■ **GIVEN RECORDS**
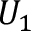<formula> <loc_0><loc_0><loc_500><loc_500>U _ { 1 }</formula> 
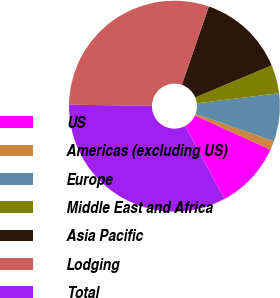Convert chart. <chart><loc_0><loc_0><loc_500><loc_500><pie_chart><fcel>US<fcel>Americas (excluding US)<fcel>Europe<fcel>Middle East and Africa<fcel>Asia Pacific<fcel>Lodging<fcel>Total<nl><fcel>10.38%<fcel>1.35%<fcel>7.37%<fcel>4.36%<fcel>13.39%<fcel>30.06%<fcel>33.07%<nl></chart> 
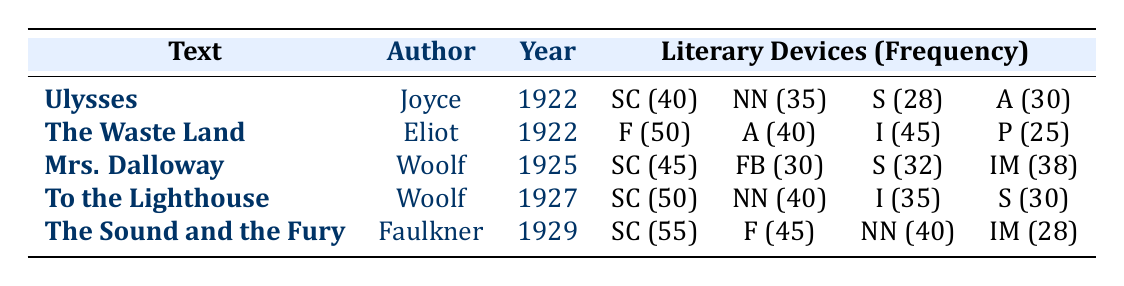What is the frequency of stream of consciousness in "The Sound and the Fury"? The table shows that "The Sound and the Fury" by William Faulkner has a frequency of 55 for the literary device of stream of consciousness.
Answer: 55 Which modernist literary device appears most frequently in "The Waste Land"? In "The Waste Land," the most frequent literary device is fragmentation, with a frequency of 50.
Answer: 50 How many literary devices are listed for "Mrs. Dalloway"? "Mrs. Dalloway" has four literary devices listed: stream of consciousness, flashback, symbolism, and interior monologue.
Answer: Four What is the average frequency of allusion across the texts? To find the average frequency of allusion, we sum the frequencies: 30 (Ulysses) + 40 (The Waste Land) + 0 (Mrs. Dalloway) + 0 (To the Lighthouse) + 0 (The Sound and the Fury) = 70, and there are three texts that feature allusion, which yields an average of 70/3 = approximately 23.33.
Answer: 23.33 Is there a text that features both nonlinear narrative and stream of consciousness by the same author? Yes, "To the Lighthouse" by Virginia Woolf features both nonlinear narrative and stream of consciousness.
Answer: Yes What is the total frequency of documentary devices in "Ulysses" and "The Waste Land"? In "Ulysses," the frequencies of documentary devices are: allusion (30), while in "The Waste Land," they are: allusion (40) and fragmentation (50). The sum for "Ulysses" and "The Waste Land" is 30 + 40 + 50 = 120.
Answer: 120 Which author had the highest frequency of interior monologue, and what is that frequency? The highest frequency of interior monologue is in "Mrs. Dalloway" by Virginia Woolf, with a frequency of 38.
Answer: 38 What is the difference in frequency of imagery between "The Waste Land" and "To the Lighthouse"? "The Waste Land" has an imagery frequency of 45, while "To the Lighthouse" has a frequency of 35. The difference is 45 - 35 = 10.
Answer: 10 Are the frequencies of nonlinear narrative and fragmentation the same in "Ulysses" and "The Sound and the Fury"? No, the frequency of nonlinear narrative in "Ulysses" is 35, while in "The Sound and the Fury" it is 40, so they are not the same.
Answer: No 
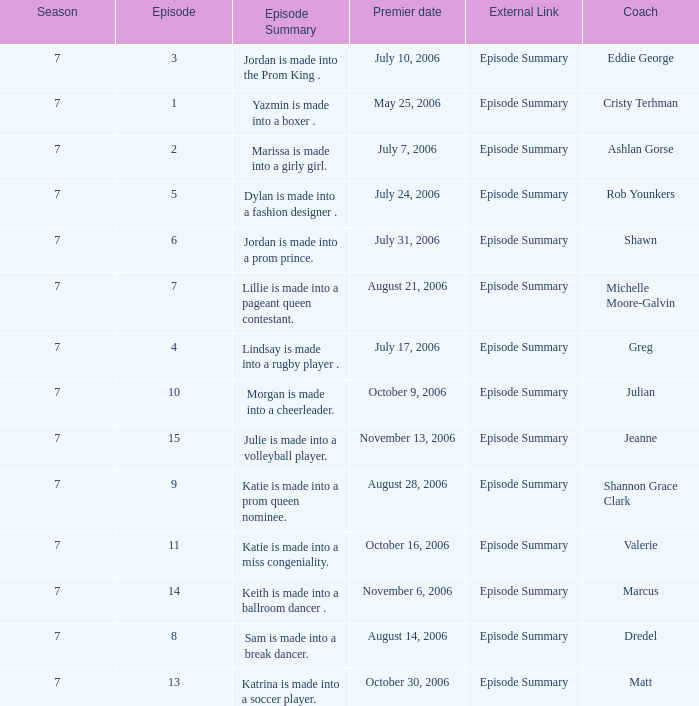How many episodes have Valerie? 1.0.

* * *

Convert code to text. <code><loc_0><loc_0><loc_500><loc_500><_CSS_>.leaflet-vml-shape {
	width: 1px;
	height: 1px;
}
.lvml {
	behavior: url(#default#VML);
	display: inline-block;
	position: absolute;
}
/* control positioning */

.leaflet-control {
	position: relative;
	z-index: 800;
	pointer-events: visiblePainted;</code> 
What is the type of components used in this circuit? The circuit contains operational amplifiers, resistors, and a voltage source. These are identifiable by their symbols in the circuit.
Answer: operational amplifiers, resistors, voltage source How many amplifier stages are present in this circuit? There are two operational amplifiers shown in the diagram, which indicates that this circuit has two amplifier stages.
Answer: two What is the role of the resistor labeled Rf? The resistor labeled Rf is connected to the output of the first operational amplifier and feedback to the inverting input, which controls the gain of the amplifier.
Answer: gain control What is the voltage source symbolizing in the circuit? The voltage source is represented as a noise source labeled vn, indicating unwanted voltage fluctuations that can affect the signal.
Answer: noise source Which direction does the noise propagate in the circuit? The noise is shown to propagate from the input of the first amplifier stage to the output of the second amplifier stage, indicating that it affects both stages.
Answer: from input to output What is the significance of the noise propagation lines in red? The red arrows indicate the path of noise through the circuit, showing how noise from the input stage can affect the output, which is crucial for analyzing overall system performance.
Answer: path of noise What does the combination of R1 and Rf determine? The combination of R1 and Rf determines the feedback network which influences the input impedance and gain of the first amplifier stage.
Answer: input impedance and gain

■ **TASK BRIEF**
Precisely those lines above that run from the line with "<formula> <loc_0><loc_0><loc_500><loc_500>U _" up to and including the line with "Answer: 120 Which" are to be set down, with the pictures omitted.

■ **WRITTEN RESPONSE**
<formula> <loc_0><loc_0><loc_500><loc_500>U _ { 1 }</formula> 
Convert chart. <chart><loc_0><loc_0><loc_500><loc_500><pie_chart><fcel>US<fcel>Americas (excluding US)<fcel>Europe<fcel>Middle East and Africa<fcel>Asia Pacific<fcel>Lodging<fcel>Total<nl><fcel>10.38%<fcel>1.35%<fcel>7.37%<fcel>4.36%<fcel>13.39%<fcel>30.06%<fcel>33.07%<nl></chart> 
What is the frequency of stream of consciousness in "The Sound and the Fury"? The table shows that "The Sound and the Fury" by William Faulkner has a frequency of 55 for the literary device of stream of consciousness.
Answer: 55 Which modernist literary device appears most frequently in "The Waste Land"? In "The Waste Land," the most frequent literary device is fragmentation, with a frequency of 50.
Answer: 50 How many literary devices are listed for "Mrs. Dalloway"? "Mrs. Dalloway" has four literary devices listed: stream of consciousness, flashback, symbolism, and interior monologue.
Answer: Four What is the average frequency of allusion across the texts? To find the average frequency of allusion, we sum the frequencies: 30 (Ulysses) + 40 (The Waste Land) + 0 (Mrs. Dalloway) + 0 (To the Lighthouse) + 0 (The Sound and the Fury) = 70, and there are three texts that feature allusion, which yields an average of 70/3 = approximately 23.33.
Answer: 23.33 Is there a text that features both nonlinear narrative and stream of consciousness by the same author? Yes, "To the Lighthouse" by Virginia Woolf features both nonlinear narrative and stream of consciousness.
Answer: Yes What is the total frequency of documentary devices in "Ulysses" and "The Waste Land"? In "Ulysses," the frequencies of documentary devices are: allusion (30), while in "The Waste Land," they are: allusion (40) and fragmentation (50). The sum for "Ulysses" and "The Waste Land" is 30 + 40 + 50 = 120.
Answer: 120 Which author had the highest frequency of interior monologue, and what is that frequency? The highest frequency of interior monologue is in "Mrs. Dalloway" by Virginia Woolf, with a frequency of 38.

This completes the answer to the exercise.